I don't think there is a correspondence between simplicial spaces and certain internal locales in sSet$\mathbf{sSet}$.
Constructing an internal locale is the same thing as defining an internal frame, only the notion of morphism is different. An internal frame in $\mathbf{sSet}$ is a functor $\Delta^\mathrm{op} \to \mathbf{Frm}$ satisfying certain conditions (see Sketches of an Elephant, C1.6, Lemma 1.6.9). Here $\mathbf{Frm}$ is the category of frames. On the other hand, a simplicial space is a functor $\Delta^\mathrm{op} \to \mathbf{Top}$, with $\mathbf{Top}$ the category of topological spaces. You can associate with a topological space its frame of open sets, but then you get a functor $\Delta^\mathrm{op} \to \mathbf{Frm}^\mathrm{op}$ instead of a functor $\Delta^\mathrm{op} \to \mathbf{Frm}$.
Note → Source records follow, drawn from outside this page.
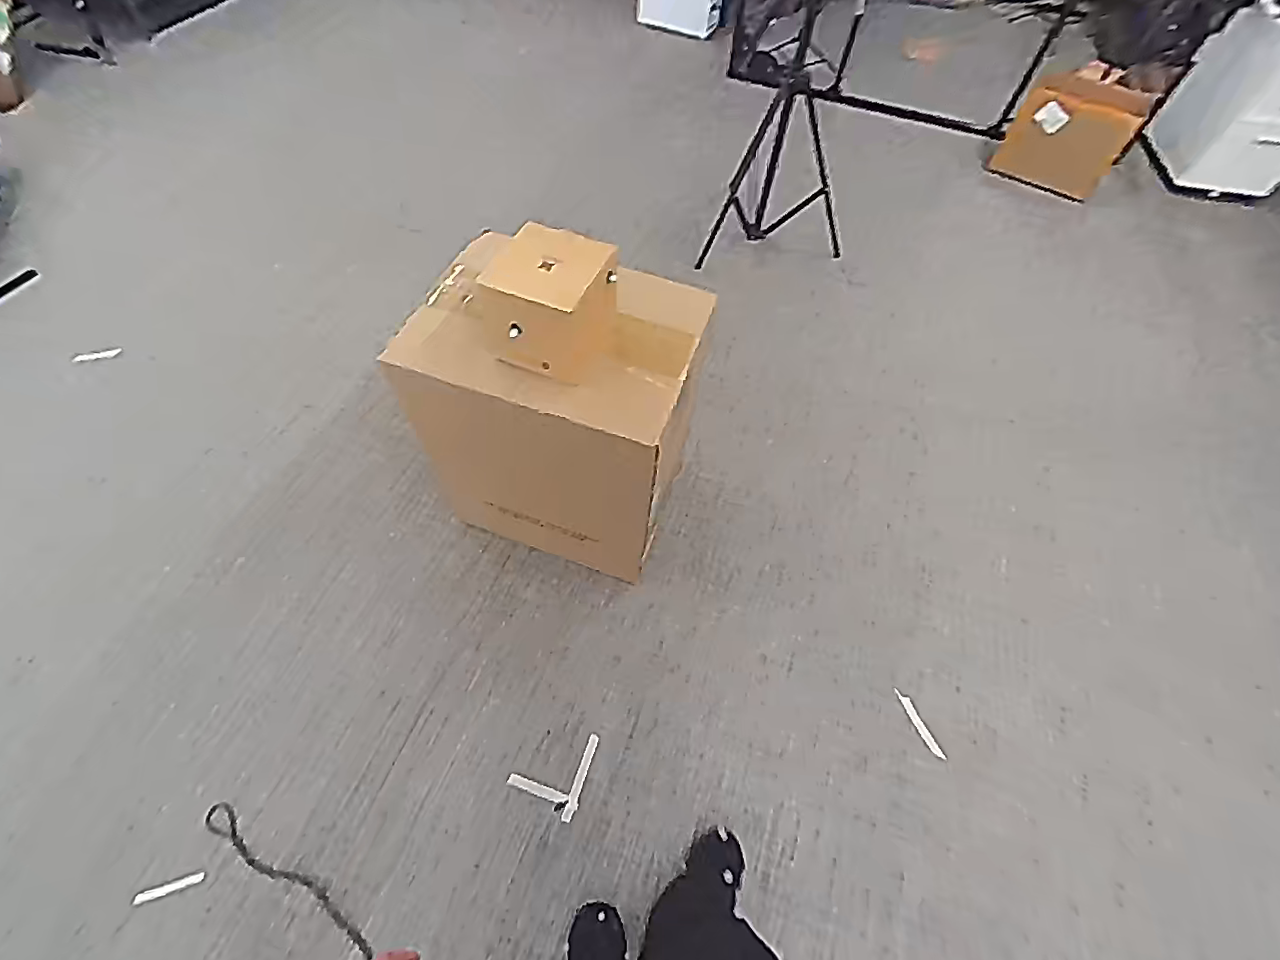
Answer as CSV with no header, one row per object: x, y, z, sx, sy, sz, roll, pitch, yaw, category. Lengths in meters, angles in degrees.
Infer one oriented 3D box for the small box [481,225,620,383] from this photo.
-0.140,-0.294,0.920,0.168,0.176,0.179,20,58,9,small box
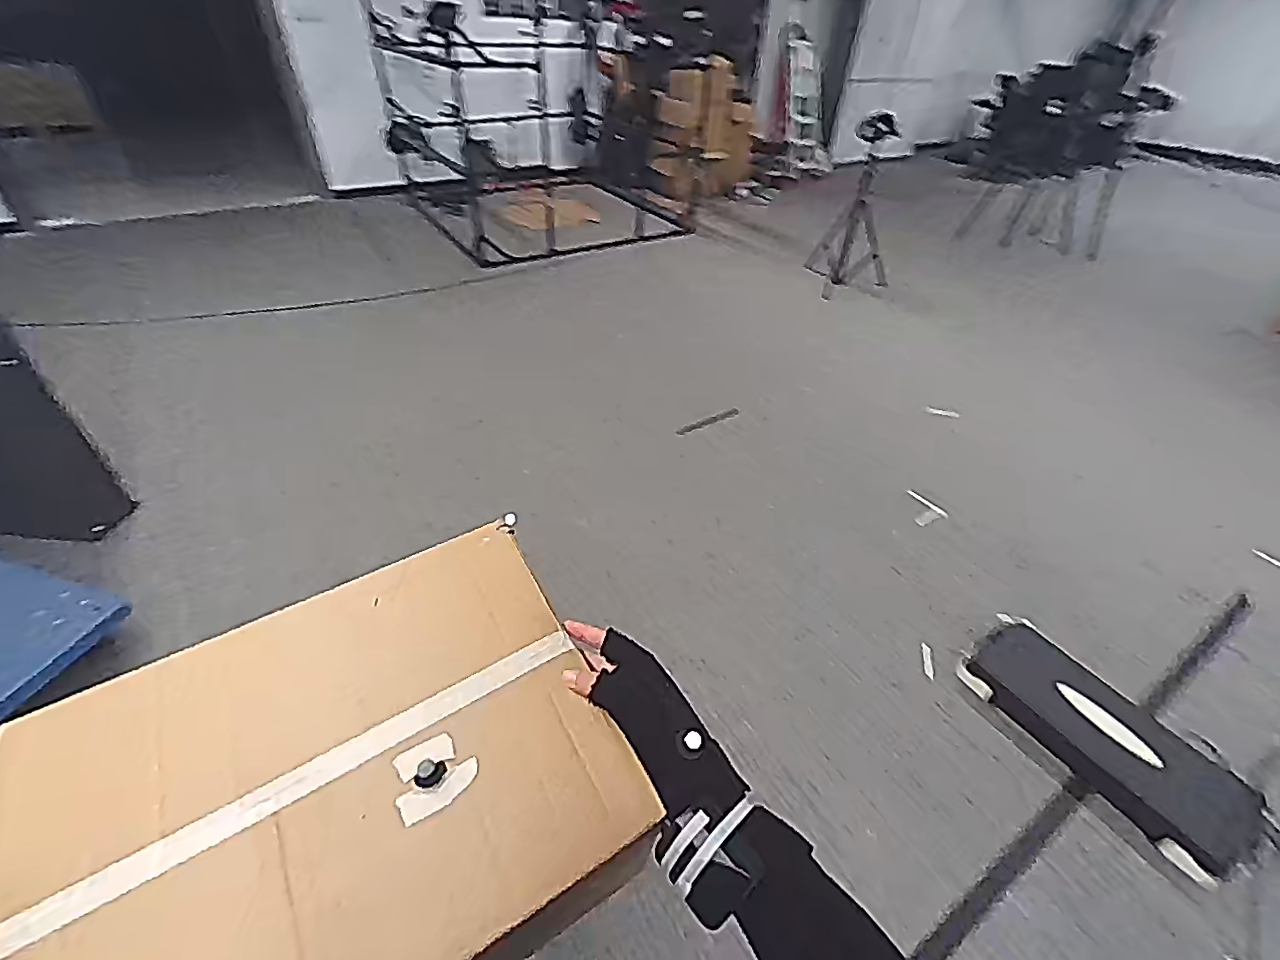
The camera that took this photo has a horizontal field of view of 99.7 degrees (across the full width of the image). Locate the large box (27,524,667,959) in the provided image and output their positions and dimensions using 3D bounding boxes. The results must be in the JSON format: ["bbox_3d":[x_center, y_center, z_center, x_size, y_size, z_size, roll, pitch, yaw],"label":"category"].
[{"bbox_3d":[-0.229,0.315,0.532,0.408,0.320,0.320,-22,53,-22],"label":"large box"}]
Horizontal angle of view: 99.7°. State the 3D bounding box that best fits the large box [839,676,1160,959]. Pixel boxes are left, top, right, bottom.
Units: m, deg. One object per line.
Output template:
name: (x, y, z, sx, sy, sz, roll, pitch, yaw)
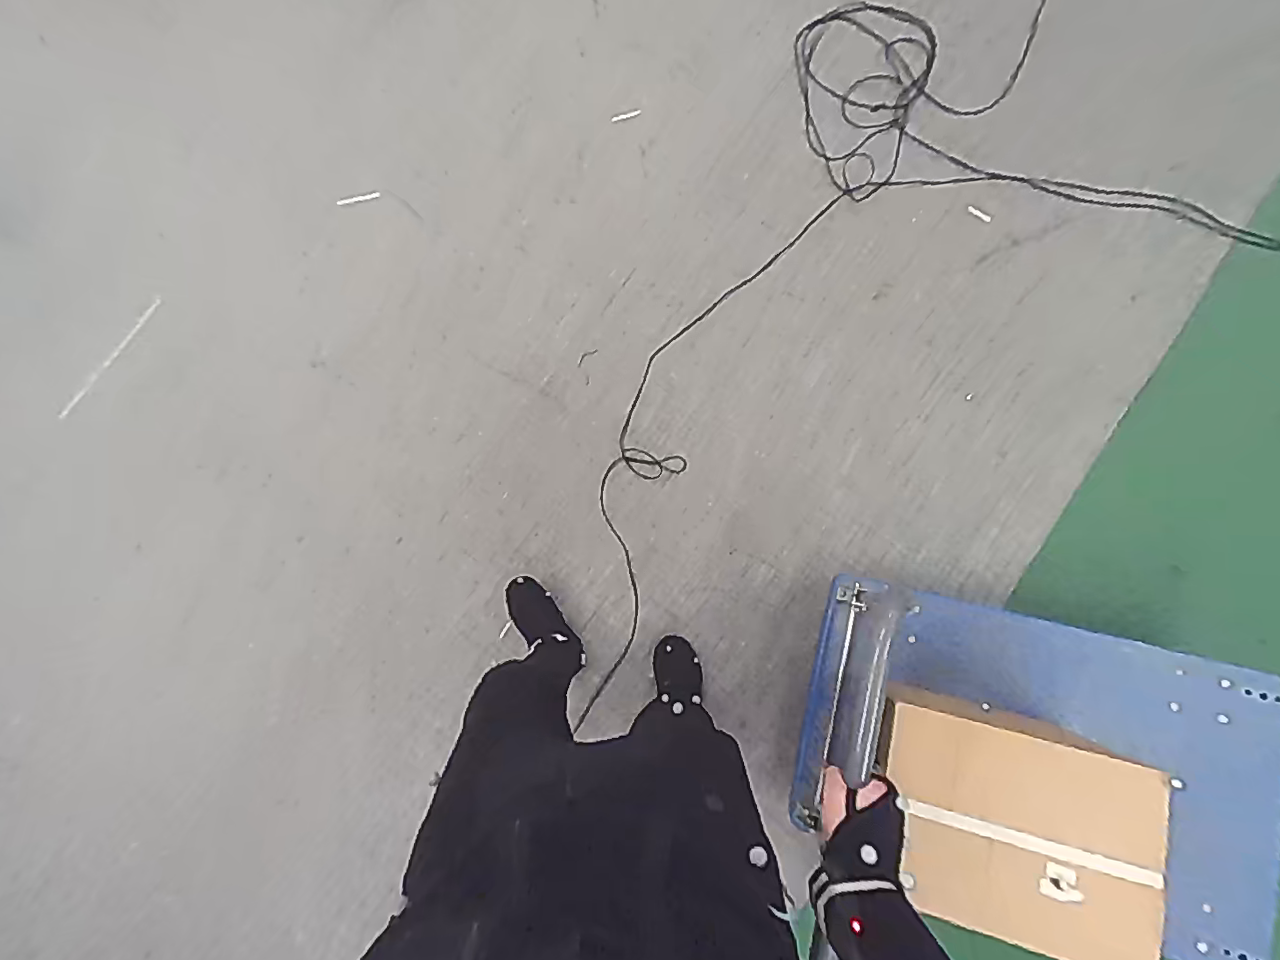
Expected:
large box: (0.625, 0.591, 1.017, 0.408, 0.320, 0.320, 12, 82, 13)
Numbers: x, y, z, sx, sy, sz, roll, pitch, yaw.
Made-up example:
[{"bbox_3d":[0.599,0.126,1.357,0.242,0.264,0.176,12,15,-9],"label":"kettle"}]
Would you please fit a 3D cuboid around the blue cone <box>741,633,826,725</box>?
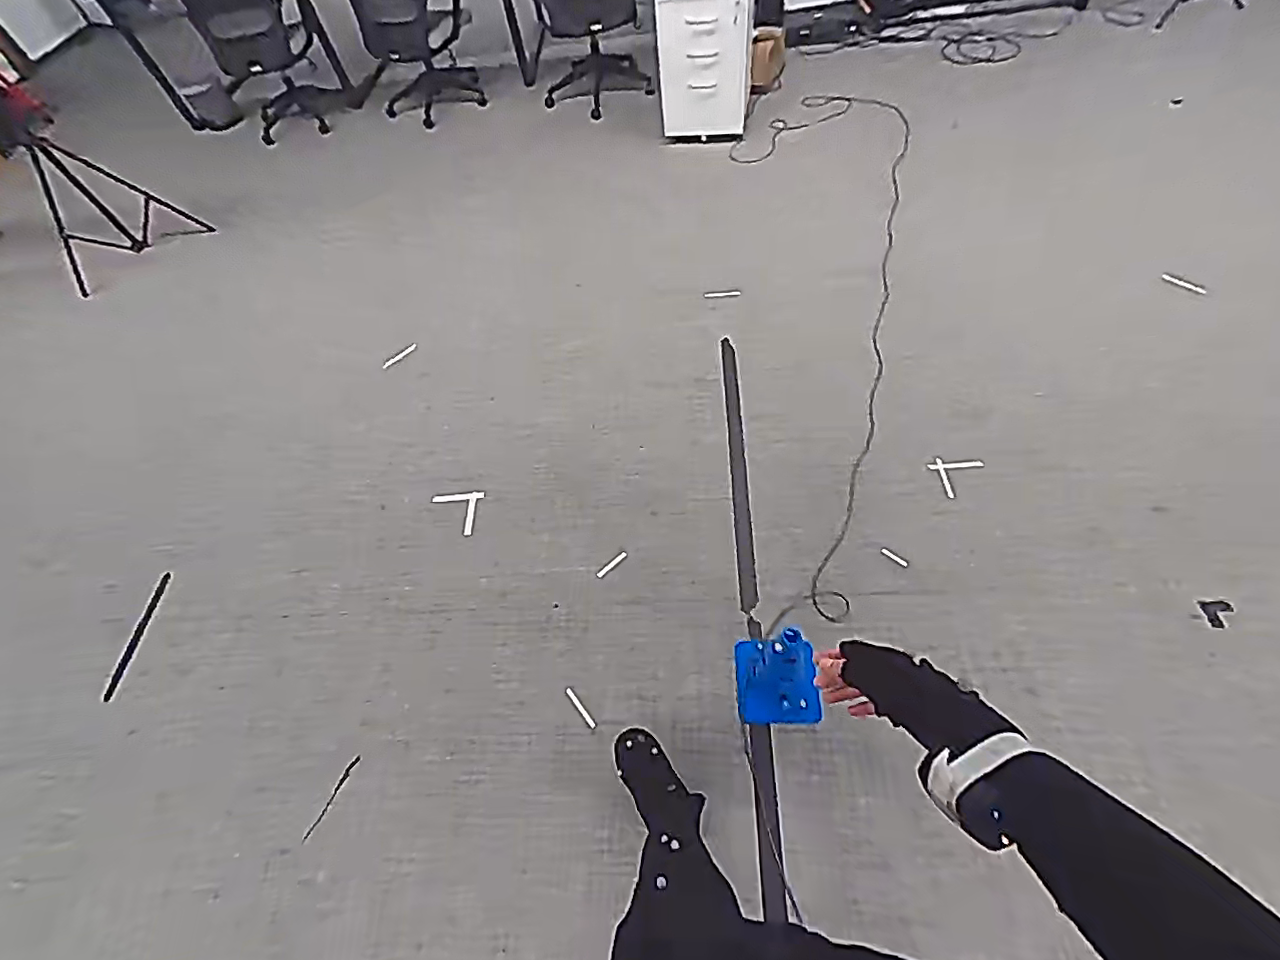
[{"bbox_3d":[0.329,0.405,1.192,0.193,0.380,0.192,-4,56,5],"label":"blue cone"}]
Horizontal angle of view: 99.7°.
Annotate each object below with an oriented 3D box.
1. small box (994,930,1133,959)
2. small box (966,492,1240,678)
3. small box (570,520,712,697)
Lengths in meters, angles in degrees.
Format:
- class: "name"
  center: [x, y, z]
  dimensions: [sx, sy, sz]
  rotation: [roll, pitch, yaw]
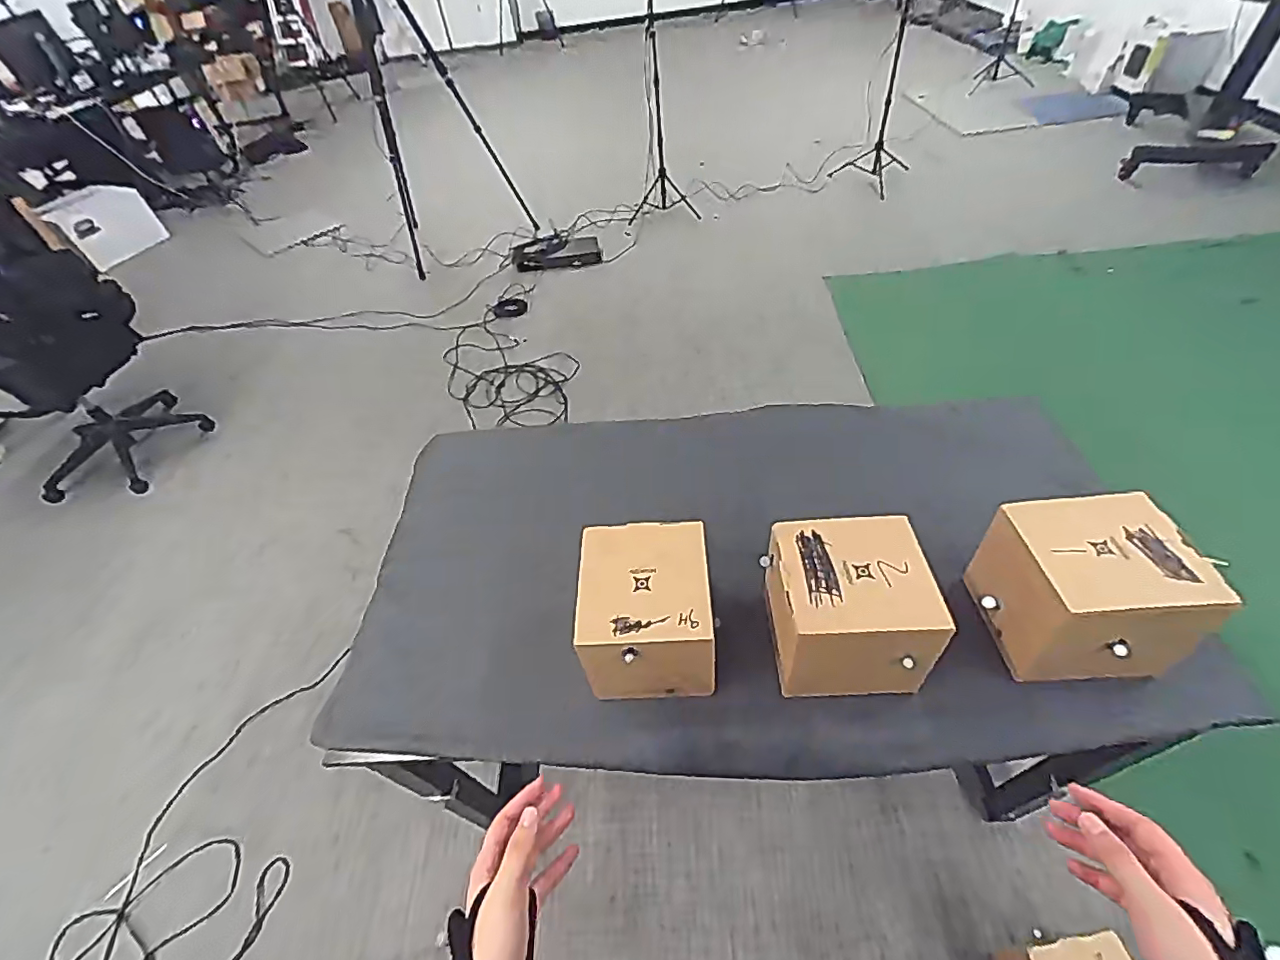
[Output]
- class: "small box"
  center: [0.775, 0.917, 0.951]
  dimensions: [0.168, 0.176, 0.179]
  rotation: [-10, 49, -1]
- class: "small box"
  center: [0.556, 0.136, 0.685]
  dimensions: [0.179, 0.176, 0.168]
  rotation: [-5, 45, 6]
- class: "small box"
  center: [0.010, 0.175, 0.735]
  dimensions: [0.168, 0.176, 0.179]
  rotation: [-4, 47, 6]
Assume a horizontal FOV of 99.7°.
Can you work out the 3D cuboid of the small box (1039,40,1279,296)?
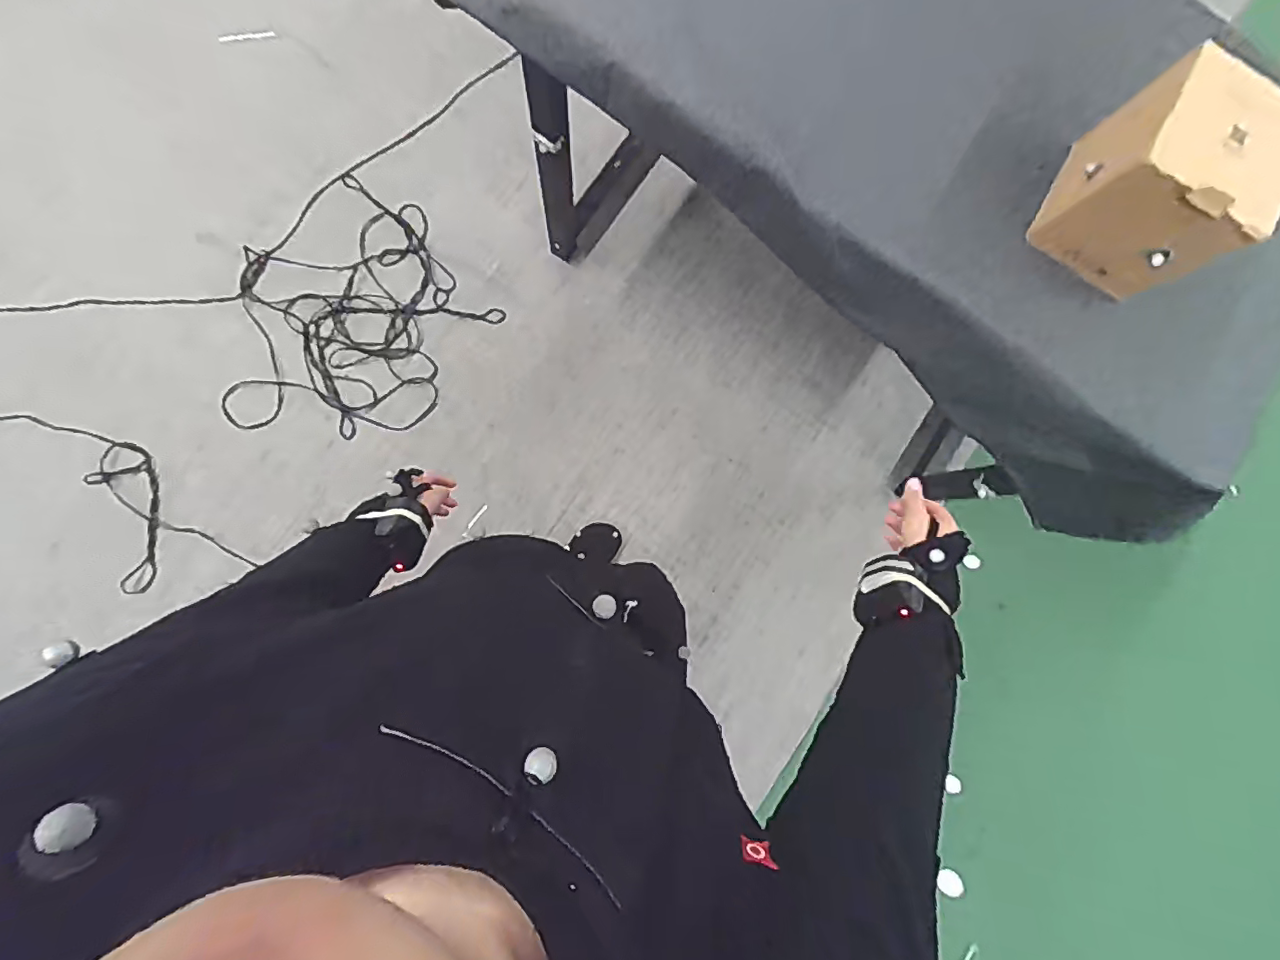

On the other hand, what you can do is look at the topos $[\Delta, \mathbf{Set}]$ rather than $\mathbf{sSet} = [\Delta^\mathrm{op},\mathbf{Set}]$. Then each internal locale in $[\Delta, \mathbf{Set}]$ is given by a functor $\Delta \to \mathbf{Frm}$. If you are lucky, then all frames in the image of this functor are spatial, and then you can associate to this internal locale a functor $\Delta^\mathrm{op} \to \mathbf{Top}$, or in other words a simplicial space. It would be interesting to see which simplicial spaces come from internal locales in $[\Delta,\mathbf{Set}]$, but as far as I know this is very difficult.